Department of Psychiatry, Virginia Commonwealth University, P.O. Box 980126, Richmond, VA 23298, USA.
School of Social and Community Medicine, University of Bristol, Canynge Hall, 39 Whatley Road, Bristol, BS8 2PS, UK.
Genes (Basel). 2014 Apr 10;5(2):330-46. doi: 10.3390/genes5020330.
Alcohol problems represent a classic example of a complex behavioral outcome that is likely influenced by many genes of small effect. A polygenic approach, which examines aggregate measured genetic effects, can have predictive power in cases where individual genes or genetic variants do not. In the current study, we first tested whether polygenic risk for alcohol problems-derived from genome-wide association estimates of an alcohol problems factor score from the age 18 assessment of the Avon Longitudinal Study of Parents and Children (ALSPAC; n = 4304 individuals of European descent; 57% female)-predicted alcohol problems earlier in development (age 14) in an independent sample (FinnTwin12; n = 1162; 53% female). We then tested whether environmental factors (parental knowledge and peer deviance) moderated polygenic risk to predict alcohol problems in the FinnTwin12 sample. We found evidence for both polygenic association and for additive polygene-environment interaction. Higher polygenic scores predicted a greater number of alcohol problems (range of Pearson partial correlations 0.07-0.08, all p-values ≤ 0.01). Moreover, genetic influences were significantly more pronounced under conditions of low parental knowledge or high peer deviance (unstandardized regression coefficients (b), p-values (p), and percent of variance (R2) accounted for by interaction terms: b = 1.54, p = 0.02, R2 = 0.33%; b = 0.94, p = 0.04, R2 = 0.30%, respectively). Supplementary set-based analyses indicated that the individual top single nucleotide polymorphisms (SNPs) contributing to the polygenic scores were not individually enriched for gene-environment interaction. Although the magnitude of the observed effects are small, this study illustrates the usefulness of polygenic approaches for understanding the pathways by which measured genetic predispositions come together with environmental factors to predict complex behavioral outcomes.
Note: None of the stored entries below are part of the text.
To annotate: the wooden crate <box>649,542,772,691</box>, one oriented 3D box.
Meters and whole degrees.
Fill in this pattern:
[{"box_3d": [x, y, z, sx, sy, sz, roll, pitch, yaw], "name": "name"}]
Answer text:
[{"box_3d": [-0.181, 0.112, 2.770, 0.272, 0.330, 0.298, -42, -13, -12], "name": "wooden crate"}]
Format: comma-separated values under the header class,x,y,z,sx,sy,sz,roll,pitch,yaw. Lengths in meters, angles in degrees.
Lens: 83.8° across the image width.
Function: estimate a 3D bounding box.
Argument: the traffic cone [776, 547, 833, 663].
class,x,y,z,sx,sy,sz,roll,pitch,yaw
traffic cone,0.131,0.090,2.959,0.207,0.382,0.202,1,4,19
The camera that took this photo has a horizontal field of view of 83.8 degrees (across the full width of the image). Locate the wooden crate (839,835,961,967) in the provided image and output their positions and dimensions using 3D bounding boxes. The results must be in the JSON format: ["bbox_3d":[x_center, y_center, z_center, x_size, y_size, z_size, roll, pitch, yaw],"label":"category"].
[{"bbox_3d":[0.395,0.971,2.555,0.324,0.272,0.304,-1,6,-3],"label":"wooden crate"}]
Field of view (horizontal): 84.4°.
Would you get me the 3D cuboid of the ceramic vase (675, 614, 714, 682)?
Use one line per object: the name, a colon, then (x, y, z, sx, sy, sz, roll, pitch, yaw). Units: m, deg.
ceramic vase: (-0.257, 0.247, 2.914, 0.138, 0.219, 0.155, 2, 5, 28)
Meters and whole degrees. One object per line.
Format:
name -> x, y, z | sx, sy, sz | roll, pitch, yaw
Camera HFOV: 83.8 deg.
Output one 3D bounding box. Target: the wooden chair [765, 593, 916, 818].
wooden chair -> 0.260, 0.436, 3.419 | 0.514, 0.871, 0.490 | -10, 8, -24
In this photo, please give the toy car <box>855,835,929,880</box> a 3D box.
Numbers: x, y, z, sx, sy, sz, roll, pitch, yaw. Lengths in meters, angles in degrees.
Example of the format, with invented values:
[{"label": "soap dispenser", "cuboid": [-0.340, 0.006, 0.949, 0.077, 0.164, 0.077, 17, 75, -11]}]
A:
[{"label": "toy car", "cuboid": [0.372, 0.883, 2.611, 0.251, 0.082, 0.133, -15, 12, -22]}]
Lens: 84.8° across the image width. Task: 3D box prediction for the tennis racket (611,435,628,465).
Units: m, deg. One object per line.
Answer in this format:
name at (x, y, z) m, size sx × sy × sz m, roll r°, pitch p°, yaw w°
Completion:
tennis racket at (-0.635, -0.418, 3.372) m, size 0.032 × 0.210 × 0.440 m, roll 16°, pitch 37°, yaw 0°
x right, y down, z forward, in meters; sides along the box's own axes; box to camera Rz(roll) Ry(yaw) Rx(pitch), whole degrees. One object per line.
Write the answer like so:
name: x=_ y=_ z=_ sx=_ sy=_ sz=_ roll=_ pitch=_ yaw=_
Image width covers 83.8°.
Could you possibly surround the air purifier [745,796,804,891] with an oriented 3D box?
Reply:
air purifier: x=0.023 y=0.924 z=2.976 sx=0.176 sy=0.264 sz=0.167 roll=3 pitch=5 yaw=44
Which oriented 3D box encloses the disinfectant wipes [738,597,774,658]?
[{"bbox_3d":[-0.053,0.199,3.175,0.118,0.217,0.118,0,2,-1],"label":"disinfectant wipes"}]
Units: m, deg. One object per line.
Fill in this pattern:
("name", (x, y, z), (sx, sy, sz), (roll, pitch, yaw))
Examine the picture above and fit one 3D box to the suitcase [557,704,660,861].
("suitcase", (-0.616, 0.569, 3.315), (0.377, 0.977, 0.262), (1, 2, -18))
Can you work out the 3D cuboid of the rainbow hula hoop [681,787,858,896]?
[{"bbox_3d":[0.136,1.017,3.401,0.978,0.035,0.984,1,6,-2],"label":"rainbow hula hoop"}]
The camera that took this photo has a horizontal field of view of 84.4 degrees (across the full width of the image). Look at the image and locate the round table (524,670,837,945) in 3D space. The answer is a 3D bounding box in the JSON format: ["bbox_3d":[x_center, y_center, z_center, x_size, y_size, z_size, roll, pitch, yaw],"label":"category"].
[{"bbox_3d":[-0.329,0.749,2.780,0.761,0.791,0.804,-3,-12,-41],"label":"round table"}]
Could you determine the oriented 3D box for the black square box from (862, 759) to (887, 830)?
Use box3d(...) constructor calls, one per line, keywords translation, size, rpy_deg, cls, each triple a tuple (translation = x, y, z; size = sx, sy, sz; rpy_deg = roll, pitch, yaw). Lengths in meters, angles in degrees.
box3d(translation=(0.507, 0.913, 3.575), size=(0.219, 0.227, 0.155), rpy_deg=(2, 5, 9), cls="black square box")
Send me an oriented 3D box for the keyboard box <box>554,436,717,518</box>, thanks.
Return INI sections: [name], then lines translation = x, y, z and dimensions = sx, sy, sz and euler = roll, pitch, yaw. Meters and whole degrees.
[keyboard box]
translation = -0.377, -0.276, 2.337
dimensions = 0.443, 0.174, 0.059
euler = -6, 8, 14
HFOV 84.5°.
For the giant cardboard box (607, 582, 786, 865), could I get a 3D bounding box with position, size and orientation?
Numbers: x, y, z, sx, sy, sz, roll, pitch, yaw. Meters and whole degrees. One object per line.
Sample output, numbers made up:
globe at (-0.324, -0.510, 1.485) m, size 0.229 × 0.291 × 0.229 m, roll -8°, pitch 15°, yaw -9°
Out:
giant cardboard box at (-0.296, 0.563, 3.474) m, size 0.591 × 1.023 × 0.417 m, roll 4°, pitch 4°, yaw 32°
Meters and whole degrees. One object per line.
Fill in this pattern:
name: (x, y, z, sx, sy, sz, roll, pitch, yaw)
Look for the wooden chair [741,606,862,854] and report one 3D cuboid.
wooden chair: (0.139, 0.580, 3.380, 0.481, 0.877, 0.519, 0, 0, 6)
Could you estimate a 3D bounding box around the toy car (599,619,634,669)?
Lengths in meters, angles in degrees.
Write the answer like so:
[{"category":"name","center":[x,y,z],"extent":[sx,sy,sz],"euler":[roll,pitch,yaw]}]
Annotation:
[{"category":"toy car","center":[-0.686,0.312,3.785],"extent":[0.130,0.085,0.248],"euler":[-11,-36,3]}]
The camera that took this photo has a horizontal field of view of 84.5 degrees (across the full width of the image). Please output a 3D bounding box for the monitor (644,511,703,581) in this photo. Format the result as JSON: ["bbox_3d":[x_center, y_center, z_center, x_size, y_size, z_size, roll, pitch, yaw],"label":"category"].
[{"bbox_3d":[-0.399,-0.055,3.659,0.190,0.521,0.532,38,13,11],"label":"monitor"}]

酒精问题是一个典型的复杂行为结果的例子,它可能受到许多小效应基因的影响。多基因方法,即检查综合测量的遗传效应,在个体基因或遗传变异不具有预测能力的情况下可能具有预测能力。在当前的研究中,我们首先测试了源自于酒精问题因素评分的全基因组关联估计值的多基因风险(该评分来自于阿冯纵向研究父母和儿童的年龄 18 岁评估;ALSPAC;n = 4304 名欧洲血统个体;57%为女性),是否能在另一个独立样本(FinnTwin12;n = 1162;53%为女性)中更早地预测到酒精问题(年龄 14 岁)。然后,我们测试了环境因素(父母知识和同伴偏差)是否调节了多基因风险,以预测 FinnTwin12 样本中的酒精问题。我们发现了多基因关联和加性多基因-环境相互作用的证据。更高的多基因评分预测了更多的酒精问题(皮尔逊部分相关系数的范围为 0.07-0.08,所有 p 值均≤0.01)。此外,在父母知识低或同伴偏差高的情况下,遗传影响明显更为显著(交互项的未标准化回归系数(b)、p 值(p)和方差百分比(R2)分别为:b = 1.54,p = 0.02,R2 = 0.33%;b = 0.94,p = 0.04,R2 = 0.30%)。基于集合的补充分析表明,多基因评分所涉及的个体顶级单核苷酸多态性(SNP)在基因-环境相互作用方面没有单独富集。尽管观察到的效应幅度较小,但本研究说明了多基因方法在理解测量遗传倾向与环境因素相结合以预测复杂行为结果的途径方面的有用性。